## Records shown
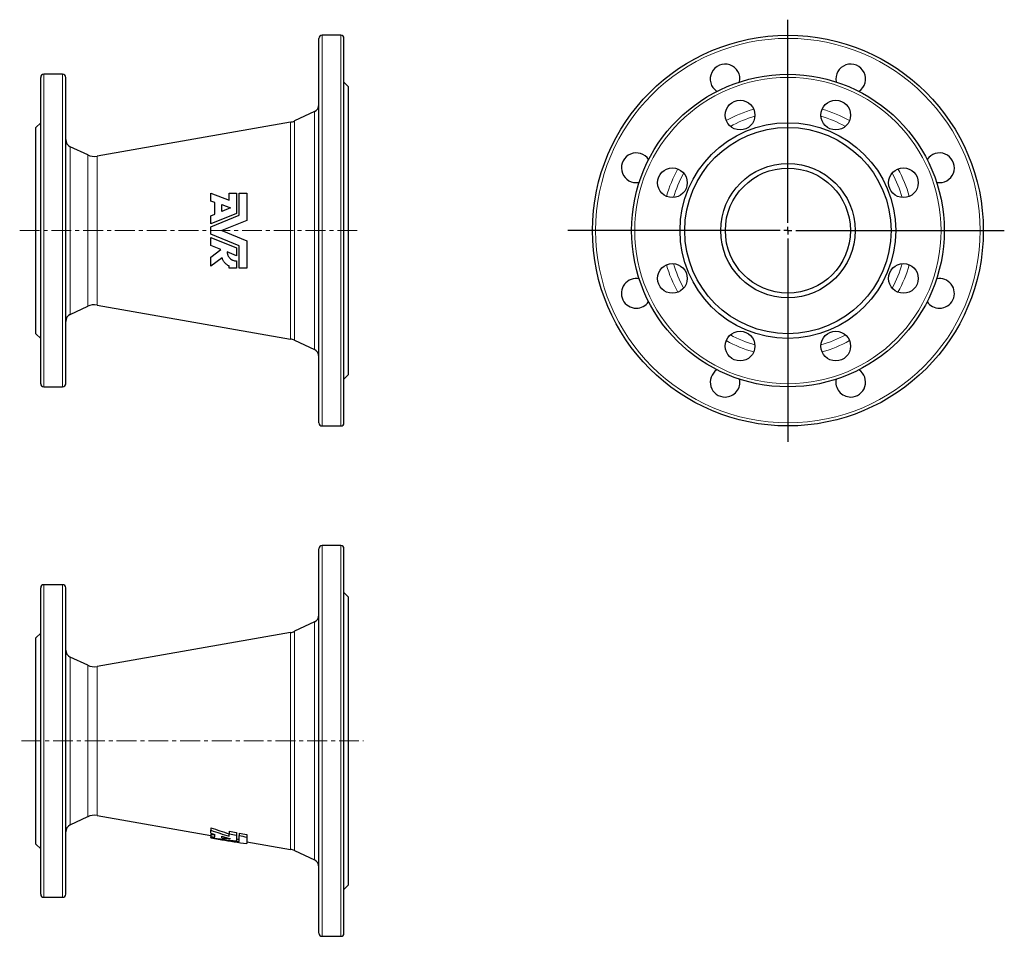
# Model space of a CAD drawing. Header units: millimetres. Extents: x 114 to 744, y 29 to 616.
import ezdxf

# ---------------------------------------------------------------- set-up
doc = ezdxf.new("R2010")
doc.units = ezdxf.units.MM
doc.linetypes.add('CENTERX2', pattern=[20.32, 12.7, -2.54, 2.54, -2.54])
doc.layers.add('FORMAT', color=7, linetype='Continuous')

# ---------------------------------------------------------------- blocks, each defined once
blk = doc.blocks.new('SW_CENTERMARKSYMBOL_0')
at = {"layer": 'FORMAT', "color": 0}
for p, q in [((0, 5), (0, 134.96)), ((-5, 0), (-140.88, 0)), ((0, 0), (-2.5, 0)), ((0, 0), (0, 2.5)), ((0, 0), (0, -2.5)), ((0, 0), (2.5, 0)), ((5, 0), (138.44, 0)), ((0, -5), (0, -135.15))]:
    blk.add_line(p, q, dxfattribs=at)

msp = doc.modelspace()

# ---------------------------------------------------------------- linework, layer by layer
at = {"color": 7, "linetype": 'Continuous', "lineweight": 25}
for p, q in [((319.38, 605.8), (307.38, 605.8)), ((305.38, 357.8), (305.38, 603.8)), ((321.38, 357.8), (321.38, 603.8)), ((141.38, 580.8), (129.38, 580.8)), ((127.38, 382.8), (127.38, 578.8)), ((143.38, 382.8), (143.38, 578.8)), ((324.38, 572.8), (321.38, 575.8)), ((324.38, 388.8), (324.38, 572.8)), ((302.5, 556.95), (289.65, 550.97)), ((127.38, 549.8), (124.38, 546.8)), ((287.16, 550.18), (163.41, 528.45)), ((124.38, 414.8), (124.38, 546.8)), ((157.46, 529.24), (146.27, 534.45)), ((236.3, 504.8), (248.01, 500.3)), ((236.3, 499.72), (236.3, 504.8)), ((248.01, 500.3), (248.01, 504.8)), ((252.59, 504.8), (252.59, 491.8)), ((254.41, 490.57), (254.41, 504.8)), ((259.16, 504.8), (259.16, 487.31)), ((238.81, 498.76), (236.3, 499.72)), ((238.81, 491.31), (238.81, 498.76)), ((252.59, 491.8), (236.3, 485.17)), ((236.3, 490.29), (238.81, 491.31)), ((243.16, 497.58), (248.85, 495.39)), ((243.16, 493.08), (243.16, 497.58)), ((248.85, 495.39), (243.16, 493.08)), ((236.3, 483.19), (254.41, 490.57)), ((236.3, 485.17), (236.3, 490.29)), ((259.16, 487.31), (243.16, 480.8)), ((236.3, 478.41), (236.3, 483.19)), ((243.16, 480.8), (259.16, 474.29)), ((254.41, 471.03), (236.3, 478.41)), ((236.3, 471.31), (236.3, 476.44)), ((236.3, 476.44), (252.59, 469.8)), ((259.16, 474.29), (259.16, 456.8)), ((242.7, 468.71), (236.3, 471.31)), ((236.3, 463.88), (242.7, 468.71)), ((252.59, 464.68), (246.65, 467.1)), ((252.59, 469.8), (252.59, 464.68)), ((254.41, 456.8), (254.41, 471.03)), ((236.3, 457.94), (236.3, 463.88)), ((243.54, 463.4), (236.3, 457.94)), ((252.59, 461.37), (252.59, 456.8)), ((248.01, 456.8), (248.01, 458.17)), ((146.27, 427.15), (157.46, 432.36)), ((163.41, 433.15), (287.16, 411.42)), ((124.38, 414.8), (127.38, 411.8)), ((289.65, 410.64), (302.5, 404.65)), ((321.38, 385.8), (324.38, 388.8)), ((129.38, 380.8), (141.38, 380.8)), ((307.38, 355.8), (319.38, 355.8)), ((305.38, 31.19), (305.38, 277.19)), ((319.38, 279.19), (307.38, 279.19)), ((321.38, 31.19), (321.38, 277.19)), ((127.38, 56.19), (127.38, 252.19)), ((141.38, 254.19), (129.38, 254.19)), ((143.38, 56.19), (143.38, 252.19)), ((324.38, 246.19), (321.38, 249.19)), ((324.38, 62.19), (324.38, 246.19)), ((302.5, 230.35), (289.65, 224.36)), ((127.38, 223.19), (124.38, 220.19)), ((287.16, 223.57), (163.41, 201.85)), ((124.38, 88.19), (124.38, 220.19)), ((157.46, 202.63), (146.27, 207.85)), ((146.27, 100.54), (157.46, 105.76)), ((163.41, 106.54), (236.3, 93.74)), ((236.3, 98.71), (236.3, 97.06)), ((236.3, 95.18), (236.3, 97.06)), ((236.3, 94.49), (236.3, 92.95)), ((248.01, 96.48), (248.01, 94.83)), ((248.01, 93.21), (248.01, 94.83)), ((252.59, 95.61), (252.59, 93.97)), ((254.41, 95.26), (254.41, 93.62)), ((124.38, 88.19), (127.38, 85.19)), ((236.3, 92.38), (236.3, 92.95)), ((236.3, 92.38), (236.3, 92.27)), ((236.3, 92.22), (236.3, 92.27)), ((236.3, 92.22), (243.16, 91.02)), ((238.81, 92.67), (238.81, 94.42)), ((243.16, 92.22), (243.16, 93.29)), ((252.59, 93.97), (252.59, 90.3)), ((254.41, 89.78), (254.41, 93.62)), ((259.16, 94.37), (259.16, 92.73)), ((259.16, 92.73), (259.16, 88.53)), ((259.16, 89.73), (287.16, 84.81)), ((289.65, 84.03), (302.5, 78.04)), ((321.38, 59.19), (324.38, 62.19)), ((129.38, 54.19), (141.38, 54.19)), ((307.38, 29.19), (319.38, 29.19))]:
    msp.add_line(p, q, dxfattribs=at)
at = {"color": 8, "linetype": 'Continuous', "lineweight": 18}
for p, q in [((307.38, 355.8), (307.38, 605.8)), ((319.38, 355.8), (319.38, 605.8)), ((129.38, 380.8), (129.38, 580.8)), ((141.38, 380.8), (141.38, 580.8)), ((302.5, 404.65), (302.5, 556.95)), ((287.16, 411.42), (287.16, 550.18)), ((289.65, 410.64), (289.65, 550.97)), ((146.27, 427.15), (146.27, 534.45)), ((157.46, 432.36), (157.46, 529.24)), ((163.41, 433.15), (163.41, 528.45)), ((307.38, 29.19), (307.38, 279.19)), ((319.38, 29.19), (319.38, 279.19)), ((129.38, 54.19), (129.38, 254.19)), ((141.38, 54.19), (141.38, 254.19)), ((302.5, 78.04), (302.5, 230.35)), ((287.16, 84.81), (287.16, 223.57)), ((289.65, 84.03), (289.65, 224.36)), ((146.27, 100.54), (146.27, 207.85)), ((157.46, 105.76), (157.46, 202.63)), ((163.41, 106.54), (163.41, 201.85))]:
    msp.add_line(p, q, dxfattribs=at)
at = {"color": 7, "linetype": 'Continuous', "lineweight": 25}
for centre, radius in [((605.37, 480.8), 125), ((605.37, 480.8), 100), ((574.75, 554.71), 9.5), ((635.98, 554.71), 9.5), ((605.37, 480.8), 69), ((605.37, 480.8), 66), ((605.37, 480.8), 43), ((531.46, 511.42), 9.5), ((605.37, 480.8), 40), ((679.28, 511.42), 9.5), ((531.46, 450.19), 9.5), ((679.28, 450.19), 9.5), ((574.75, 406.89), 9.5), ((635.98, 406.89), 9.5)]:
    msp.add_circle(centre, radius, dxfattribs=at)
at = {"color": 8, "linetype": 'Continuous', "lineweight": 18}
for radius in [123, 98]:
    msp.add_circle((605.37, 480.8), radius, dxfattribs=at)
at = {"color": 7, "linetype": 'Continuous', "lineweight": 25}
for centre, radius, start, end in [((307.38, 603.8), 2, 90, 180), ((319.38, 603.8), 2, 0, 90), ((565.19, 577.81), 9.5, 348.51177, 236.48823), ((645.55, 577.81), 9.5, 303.51177, 191.48823), ((129.38, 578.8), 2, 90, 180), ((141.38, 578.8), 2, 0, 90), ((300.38, 561.49), 5, 295, 360), ((285.43, 560.03), 10, 279.95845, 295), ((148.38, 538.99), 5, 180, 245), ((161.68, 538.3), 10, 245, 279.95845), ((508.36, 520.98), 9.5, 33.51177, 270), ((702.38, 520.98), 9.5, 270, 146.48823), ((508.36, 520.98), 9.5, 270, 281.48823), ((702.38, 520.98), 9.5, 258.51177, 270), ((508.36, 440.62), 9.5, 78.51177, 270), ((702.38, 440.62), 9.5, 270, 101.48823), ((508.36, 440.62), 9.5, 270, 326.48823), ((702.38, 440.62), 9.5, 213.51177, 270), ((161.68, 423.3), 10, 80.04155, 115), ((148.38, 422.62), 5, 115, 180), ((285.43, 401.57), 10, 65, 80.04155), ((300.38, 400.12), 5, 0, 65), ((565.19, 383.79), 9.5, 123.51177, 270), ((645.55, 383.79), 9.5, 270, 56.48823), ((565.19, 383.79), 9.5, 270, 11.48823), ((645.55, 383.79), 9.5, 168.51177, 270), ((129.38, 382.8), 2, 180, 270), ((141.38, 382.8), 2, 270, 0), ((307.38, 357.8), 2, 180, 270), ((319.38, 357.8), 2, 270, 0), ((307.38, 277.19), 2, 90, 180), ((319.38, 277.19), 2, 0, 90), ((129.38, 252.19), 2, 90, 180), ((141.38, 252.19), 2, 0, 90), ((300.38, 234.88), 5, 295, 0), ((285.43, 233.42), 10, 279.95845, 295), ((148.38, 212.38), 5, 180, 245), ((161.68, 211.69), 10, 245, 279.95845), ((161.68, 96.69), 10, 80.04155, 115), ((148.38, 96.01), 5, 115, 180), ((285.43, 74.97), 10, 65, 80.04155), ((300.38, 73.51), 5, 0, 65), ((129.38, 56.19), 2, 180, 270), ((141.38, 56.19), 2, 270, 0), ((307.38, 31.19), 2, 180, 270), ((319.38, 31.19), 2, 270, 0)]:
    msp.add_arc(centre, radius, start, end, dxfattribs=at)
at = {"color": 8, "linetype": 'Continuous', "lineweight": 18}
for radius, start, end in [(80.69, 105.73882, 119.26118), (80.69, 60.73882, 74.26118), (76.15, 106.12022, 118.87978), (76.15, 61.12022, 73.87978), (80.69, 150.73882, 164.26118), (76.15, 151.12022, 163.87978), (76.15, 16.12022, 28.87978), (80.69, 15.73882, 29.26118), (80.69, 195.73882, 209.26118), (76.15, 196.12022, 208.87978), (76.15, 331.12022, 343.87978), (80.69, 330.73882, 344.26118), (80.69, 240.73882, 254.26118), (76.15, 241.12022, 253.87978), (76.15, 286.12022, 298.87978), (80.69, 285.73882, 299.26118)]:
    msp.add_arc((605.37, 480.8), radius, start, end, dxfattribs=at)
at = {"color": 7, "linetype": 'Continuous', "lineweight": 25}
for centre, major_axis, ratio, start_param, end_param in [((406.45, 154.19), (235.3, 0), 0.341355, 3.904095, 3.973691), ((408.74, 154.19), (240.32, 0), 0.341355, 3.912092, 3.979771), ((392.01, 154.19), (232.66, 0), 0.341355, 3.979204, 3.993654), ((286.33, 154.19), (170.05, 0), 0.367338, 4.413734, 4.429168), ((288.32, 154.19), (174.64, 0), 0.367338, 4.40996, 4.425006), ((303.77, 154.19), (181.31, 0), 0.367338, 4.331103, 4.426207), ((309.72, 154.19), (183.88, 0), 0.367338, 4.301622, 4.406858), ((393.62, 154.19), (233.4, 0), 0.341355, 4.011815, 4.043282), ((288.32, 154.19), (174.64, 0), 0.367338, 4.45084, 4.484413), ((325.36, 154.19), (190.62, 0), 0.367338, 4.266514, 4.357687), ((307.74, 154.19), (179.28, 0), 0.367338, 4.399661, 4.410362)]:
    msp.add_ellipse(centre, major_axis=major_axis, ratio=ratio, start_param=start_param, end_param=end_param, dxfattribs=at)
for points in [[(248.01, 504.8), (249.54, 504.8), (251.06, 504.8), (252.59, 504.8)], [(254.41, 504.8), (256, 504.8), (257.58, 504.8), (259.16, 504.8)], [(252.59, 456.8), (251.06, 456.8), (249.54, 456.8), (248.01, 456.8)], [(259.16, 456.8), (257.58, 456.8), (256, 456.8), (254.41, 456.8)], [(248.01, 96.48), (249.54, 96.19), (251.06, 95.9), (252.59, 95.61)], [(248.01, 94.83), (249.54, 94.54), (251.06, 94.26), (252.59, 93.97)], [(254.41, 95.26), (256, 94.96), (257.58, 94.66), (259.16, 94.37)], [(254.41, 93.62), (256, 93.32), (257.58, 93.03), (259.16, 92.73)]]:
    msp.add_open_spline(points, degree=3, dxfattribs=at)
for points, knots in [([(246.65, 467.1), (246.66, 466.72), (246.71, 466.35), (246.84, 465.81), (246.89, 465.62), (247, 465.27), (247.07, 465.09), (247.3, 464.57), (247.49, 464.24), (247.92, 463.62), (248.17, 463.32), (248.72, 462.79), (249.01, 462.55), (249.5, 462.23), (249.66, 462.14), (250, 461.96), (250.18, 461.88), (250.71, 461.66), (251.07, 461.55), (251.83, 461.41), (252.21, 461.37), (252.59, 461.37)], [0, 0, 0, 0, 0.125, 0.125, 0.1875, 0.1875, 0.25, 0.25, 0.375, 0.375, 0.5, 0.5, 0.625, 0.625, 0.6875, 0.6875, 0.75, 0.75, 0.875, 0.875, 1, 1, 1, 1]), ([(248.01, 458.17), (247.45, 458.39), (246.92, 458.67), (246.18, 459.2), (245.94, 459.39), (245.5, 459.8), (245.29, 460.01), (244.71, 460.69), (244.38, 461.2), (243.99, 462), (243.88, 462.27), (243.68, 462.83), (243.6, 463.11), (243.54, 463.4)], [0, 0, 0, 0, 0.25, 0.25, 0.375, 0.375, 0.5, 0.5, 0.75, 0.75, 0.875, 0.875, 1, 1, 1, 1])]:
    msp.add_open_spline(points, degree=3, knots=knots, dxfattribs=at)
at = {"layer": 'FORMAT', "linetype": 'CENTERX2', "lineweight": 18}
for p, q in [((113.95, 480.8), (331.2, 480.8)), ((115.02, 154.19), (333.96, 154.19))]:
    msp.add_line(p, q, dxfattribs=at)

# ---------------------------------------------------------------- block references
at = {"layer": 'FORMAT'}
msp.add_blockref('SW_CENTERMARKSYMBOL_0', (605.37, 480.8), dxfattribs=at)

doc.saveas('drawing.dxf')

## Required work
Whenever a line of the data holds the string "blocks", pick that line out.

## Answer for the task
# ---------------------------------------------------------------- blocks, each defined once
blk = doc.blocks.new('SW_CENTERMARKSYMBOL_0')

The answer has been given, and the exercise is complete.